# Thread: Product of 2 projection matrices

1. ## Product of 2 projection matrices

So, I'm working on a proof where if I had product of projection matrices Pi and Pj equal zero, the proof works. The problem statement is kind of long, so I won't write it out..

My question is "does a product of two projection matrices ever equal zero??" If it does, in what cases? TIA!

2. Originally Posted by borracho
So, I'm working on a proof where if I had product of projection matrices Pi and Pj equal zero, the proof works. The problem statement is kind of long, so I won't write it out..

My question is "does a product of two projection matrices ever equal zero??" If it does, in what cases? TIA!
Well, there's a lot you can say. The first things which pop into my mind are as follows: Suppose for two projections $\displaystyle P,Q$ on $\displaystyle \mathsf{V}$ we have $\displaystyle PQ=QP=0$. Then $\displaystyle (P+Q)^2=P^2+Q^2+PQ+QP=P+Q$. So $\displaystyle P+Q$ is also a projection.
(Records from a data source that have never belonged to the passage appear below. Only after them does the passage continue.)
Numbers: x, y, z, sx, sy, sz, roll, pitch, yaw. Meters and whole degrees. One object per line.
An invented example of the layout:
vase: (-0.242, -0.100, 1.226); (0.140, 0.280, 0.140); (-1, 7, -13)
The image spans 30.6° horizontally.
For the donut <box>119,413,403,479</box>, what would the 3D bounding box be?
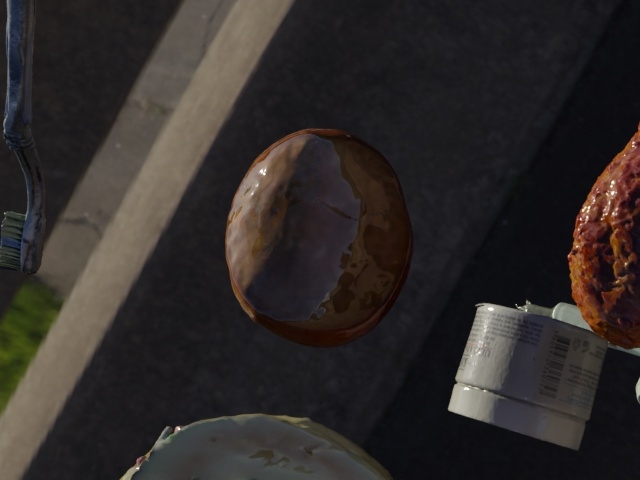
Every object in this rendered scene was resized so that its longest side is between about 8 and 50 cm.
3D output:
donut: (-0.049, 0.353, 1.377); (0.371, 0.307, 0.150); (37, 142, 33)

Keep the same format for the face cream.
face cream: (0.268, 0.173, 1.508); (0.177, 0.177, 0.153); (9, 81, 48)

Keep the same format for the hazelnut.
hazelnut: (0.000, 0.000, 1.115); (0.176, 0.214, 0.214); (8, 71, 2)

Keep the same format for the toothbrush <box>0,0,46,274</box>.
toothbrush: (-0.232, -0.124, 0.909); (0.035, 0.042, 0.413); (-87, 8, -49)

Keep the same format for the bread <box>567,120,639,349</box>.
bread: (0.316, -0.029, 1.077); (0.139, 0.095, 0.269); (29, 107, 22)

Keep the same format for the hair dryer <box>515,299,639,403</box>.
hair dryer: (0.458, 0.158, 1.837); (0.357, 0.107, 0.173); (16, 62, 39)

Furthermore, $\displaystyle \mathsf{R}(Q)\subset\mathsf{N}(P)$ and $\displaystyle \mathsf{R}(P)\subset\mathsf{N}(Q)$, such that $\displaystyle \text{rank }P+\text{rank }Q\leq \dim\mathsf{V}$ and $\displaystyle \dim\mathsf{V}\leq\text{nullity }P+\text{nullity }Q$.

3. If P projects vectors onto subspace U, Q projects vectors onto subspace V and U and V are orthogonal subspaces, then PQ= QP= 0.